How to solve AttributeError in python active_directory?

Running the below script works for 60% of the entries from the MasterGroupList however suddenly fails with the below error. although my questions seem to be poor ou guys have been able to help me before. Any idea how I can avoid getting this error? or what is trhoughing off the script? The masterGroupList looks like:
Groups Pulled from AD
SET00 POWERUSER
SET00 USERS
SEF00 CREATORS
SEF00 USERS
...another 300 entries...
Error:
Traceback (most recent call last):
File "C:\Users\ks185278\OneDrive - NCR Corporation\Active Directory Access Scr
ipt\test.py", line 44, in <module>
print group.member
File "C:\Python27\lib\site-packages\active_directory.py", line 805, in __getat
tr__
raise AttributeError
AttributeError
Code:
from active_directory import *
import os
file = open("C:\Users\NAME\Active Directory Access Script\MasterGroupList.txt", "r")
fileAsList = file.readlines()
indexOfTitle = fileAsList.index("Groups Pulled from AD\n")
i = indexOfTitle + 1
while i <= len(fileAsList):
fileLocation = 'C:\\AD Access\\%s\\%s.txt' % (fileAsList[i][:5], fileAsList[i][:fileAsList[i].find("\n")])
#Creates the dir if it does not exist already
if not os.path.isdir(os.path.dirname(fileLocation)):
os.makedirs(os.path.dirname(fileLocation))
fileGroup = open(fileLocation, "w+")
#writes group members to the open file
group = find_group(fileAsList[i][:fileAsList[i].find("\n")])
print group.member
for group_member in group.member: #this is line 44
fileGroup.write(group_member.cn + "\n")
fileGroup.close()
i+=1
Disclaimer: I don't know python, but I know Active Directory fairly well.
If it's failing on this:
for group_member in group.member:
It could possibly mean that the group has no members.
Depending on how phython handles this, it could also mean that the group has only one member and group.member is a plain string rather than an array.

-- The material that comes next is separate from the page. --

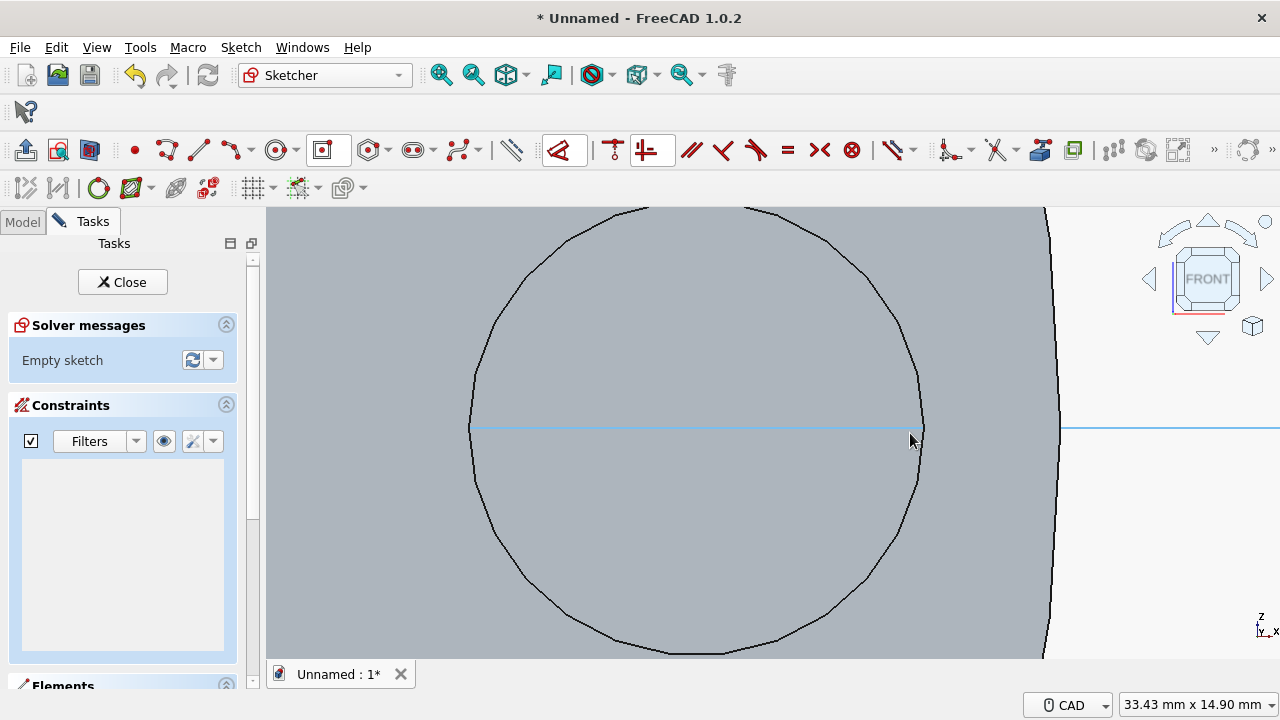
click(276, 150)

What does print group.member show?
The source code of active_directory.py is here: https://github.com/tjguk/active_directory/blob/master/active_directory.py
These are the relevant lines:
if name not in self._delegate_map:
try:
attr = getattr(self.com_object, name)
except AttributeError:
try:
attr = self.com_object.Get(name)
except:
raise AttributeError
So it looks like it just can't find the attribute you're looking up, which in this case looks like the 'member' attribute.